There is another issue that I'll be happy to submit a but report for if someone shares the guide/steps to do so-

[  728.753962] wpa_supplicant[4001]: segfault at 0 ip 0000000000475299 sp 00007fff0afb6f80 error 4 in wpa_supplicant[400000+ea000]

- wpa_supplicant segfaults after the first time i execute rfkill unblock wifi

I am out of options and out of wireless for the past 2 weeks.

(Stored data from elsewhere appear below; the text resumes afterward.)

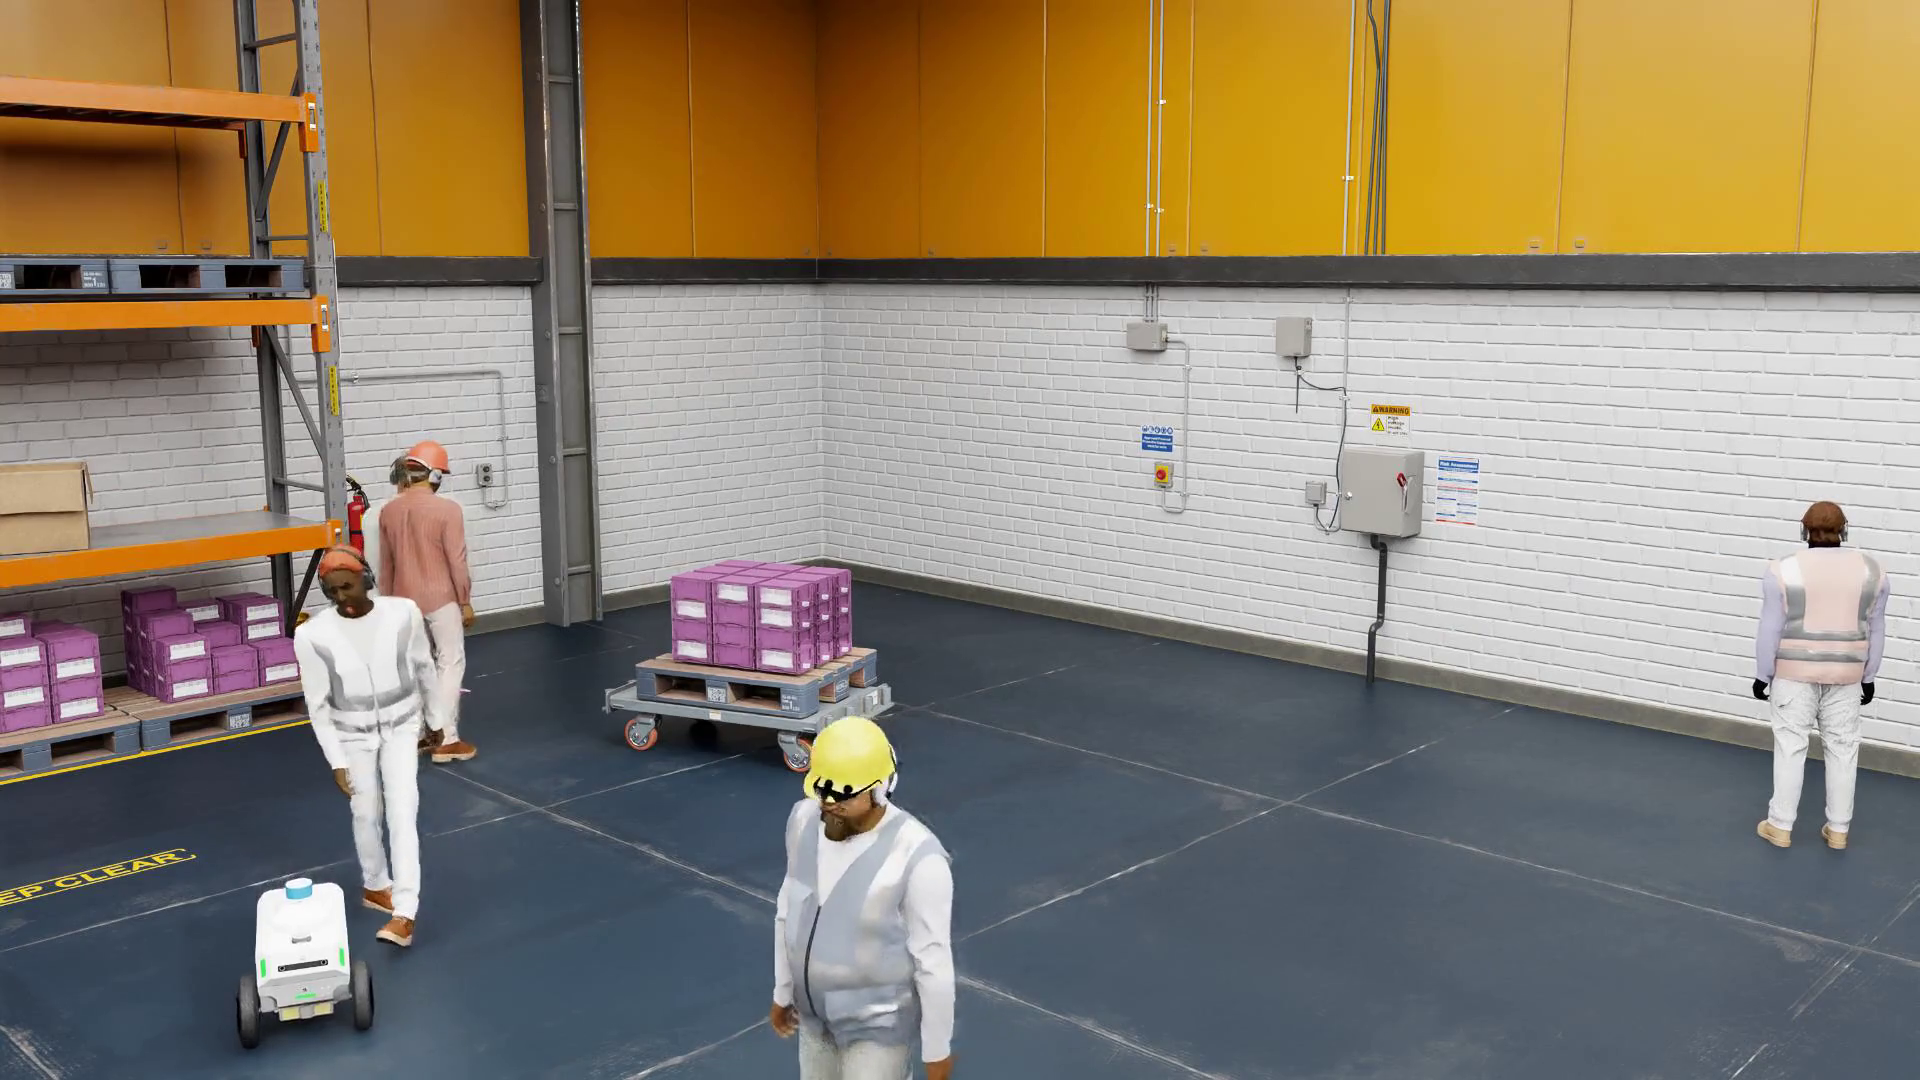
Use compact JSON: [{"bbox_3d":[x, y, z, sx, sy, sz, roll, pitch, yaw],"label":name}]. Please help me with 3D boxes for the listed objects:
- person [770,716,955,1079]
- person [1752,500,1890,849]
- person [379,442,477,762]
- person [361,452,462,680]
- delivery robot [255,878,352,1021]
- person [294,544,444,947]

I'm open to any opinions/suggestions.Last edited by badc0d3d on Mon Nov 03, 2014 12:35 pm; edited 1 time in total

----------

## Roman_Gruber

maybe downgrade udev.

i have problems with eudev and downgrading enalbed wifi. you may have the same issue.. I saw others have also problems with wifi with udev or eudev recently.

----------

## badc0d3d

Thanks for the reply,

I started disabling a couple of services one by one, udev was one of them - just for the heck of it.

When I disabled DBus, I noticed a couple other services that were disabled and connman was one of them. I don't recall installing that ever, but a dependency pulled it.

I tried to reenable the wireless again and guess what - it worked.

I rebooted my box and tried again - the same issue. After unmerging connman, miraculously my wifi started working again without being 'soft-block'ed.

----------